The extent of racial bias faced by black, Asian and minority ethnic citizens in 21st-century Britain has been laid bare in an unprecedented study showing a gulf in how people of different ethnicities are treated in their daily lives.

A survey for the Guardian of 1,000 people from minority ethnic backgrounds found they were consistently more likely to have faced negative everyday experiences – all frequently associated with racism – than white people in a comparison poll.

The survey found that 43% of those from a minority ethnic background had been overlooked for a work promotion in a way that felt unfair in the last five years – more than twice the proportion of white people (18%) who reported the same experience.

The results show that ethnic minorities are three times as likely to have been thrown out of or denied entrance to a restaurant, bar or club in the last five years, and that more than two-thirds believe Britain has a problem with racism.

The ICM poll, commissioned to launch a week-long investigation into bias in Britain, focuses on everyday experiences of prejudice that could be a result of unconscious bias – quick decisions conditioned by our backgrounds, cultural environment and personal experiences.

It is believed to be the first major piece of UK public polling to focus on ethnic minorities’ experiences of unconscious bias, and comes amid wider concerns about a shortage of research capturing the views of minority groups.

The poll found comprehensive evidence to support concerns that unconscious bias has a negative effect on the lives of Britain’s 8.5 million people from minority backgrounds that is not revealed by typical data on racism. For example:

 38% of people from ethnic minorities said they had been wrongly suspected of shoplifting in the last five years, compared with 14% of white people, with black people and women in particular more likely to be wrongly suspected.

 Minorities were more than twice as likely to have encountered abuse or rudeness from a stranger in the last week.

 53% of people from a minority background believed they had been treated differently because of their hair, clothes or appearance, compared with 29% of white people.

The Runnymede Trust, a racial equality thinktank, described the findings as “stark” and said they illustrated “everyday micro-aggressions” that had profound effects on Britain’s social structure.

“Racism and discrimination for BAME people and minority faith groups isn’t restricted to one area of life,” said Zubaida Haque, the trust’s deputy director. “If you’re not welcome in a restaurant as a guest because of the colour of your skin, you’re unlikely to get a job in the restaurant for the same reason. Structural and institutional racism is difficult to identify or prove, but it has much more far-reaching effects on people’s life chances.”
David Lammy, the Labour MP for Tottenham, said the findings were upsetting. “Racial prejudice continues to weigh on the lives of black and ethnic minority people in the UK. While we all share the same hard-won rights, our lived experience and opportunity can vary,” he said.
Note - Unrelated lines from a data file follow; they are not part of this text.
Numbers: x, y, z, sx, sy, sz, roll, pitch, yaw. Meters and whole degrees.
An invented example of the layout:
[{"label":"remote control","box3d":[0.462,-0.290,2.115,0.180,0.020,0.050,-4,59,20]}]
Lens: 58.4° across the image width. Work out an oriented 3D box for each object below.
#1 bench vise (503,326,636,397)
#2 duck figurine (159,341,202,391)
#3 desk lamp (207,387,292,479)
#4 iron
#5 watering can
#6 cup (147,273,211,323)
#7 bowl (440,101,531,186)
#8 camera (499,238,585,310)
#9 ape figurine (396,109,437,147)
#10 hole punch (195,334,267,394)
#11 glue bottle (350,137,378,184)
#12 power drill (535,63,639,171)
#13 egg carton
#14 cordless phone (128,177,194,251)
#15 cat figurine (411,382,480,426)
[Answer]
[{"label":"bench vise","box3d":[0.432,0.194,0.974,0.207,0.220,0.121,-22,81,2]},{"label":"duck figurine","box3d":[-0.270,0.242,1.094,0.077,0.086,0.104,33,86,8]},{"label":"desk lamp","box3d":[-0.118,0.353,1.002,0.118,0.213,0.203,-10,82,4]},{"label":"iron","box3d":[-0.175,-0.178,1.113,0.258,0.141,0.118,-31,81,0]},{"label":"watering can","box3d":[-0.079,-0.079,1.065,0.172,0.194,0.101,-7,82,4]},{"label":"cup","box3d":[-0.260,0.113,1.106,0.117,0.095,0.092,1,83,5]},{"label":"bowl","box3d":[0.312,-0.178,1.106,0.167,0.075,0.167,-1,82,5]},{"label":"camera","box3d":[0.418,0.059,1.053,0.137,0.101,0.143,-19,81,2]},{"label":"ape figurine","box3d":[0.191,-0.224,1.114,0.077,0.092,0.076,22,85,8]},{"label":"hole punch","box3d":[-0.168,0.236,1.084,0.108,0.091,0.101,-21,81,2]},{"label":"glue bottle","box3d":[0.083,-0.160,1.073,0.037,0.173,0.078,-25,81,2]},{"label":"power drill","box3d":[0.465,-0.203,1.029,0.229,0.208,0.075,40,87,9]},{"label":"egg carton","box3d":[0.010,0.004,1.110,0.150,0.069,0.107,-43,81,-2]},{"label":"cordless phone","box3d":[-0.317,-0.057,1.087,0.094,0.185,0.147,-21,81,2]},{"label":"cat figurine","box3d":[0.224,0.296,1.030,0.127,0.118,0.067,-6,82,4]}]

Recalling being stopped and searched when he was 12, Lammy said: “Stereotyping is not just something that happens, stereotyping is something that is felt, and it feels like sheer terror, confusion and shame.”

Half of the respondents from a minority background said they believed people sometimes did not realise they were treating them differently because of their ethnicity, suggesting unconscious bias, as well as more explicit and deliberate racism, has a major influence on the way millions of people who were born in the UK or moved here are treated.

As well as demonstrating how much more likely ethnic minorities are to report negative experiences that did not feature an explicitly racist element, the poll found that one in eight had heard racist language directed at them in the month before they were surveyed.

It also found troubling levels of concern about bias in the workplace, with 57% of minorities saying they felt they had to work harder to succeed in Britain because of their ethnicity, and 40% saying they earned less or had worse employment prospects for the same reason.

The poll persistently found evidence that the gap in negative experiences was not confined to the past. For example, one in seven people from ethnic minorities said they had been treated as a potential shoplifter in the last month, against one in 25 white people.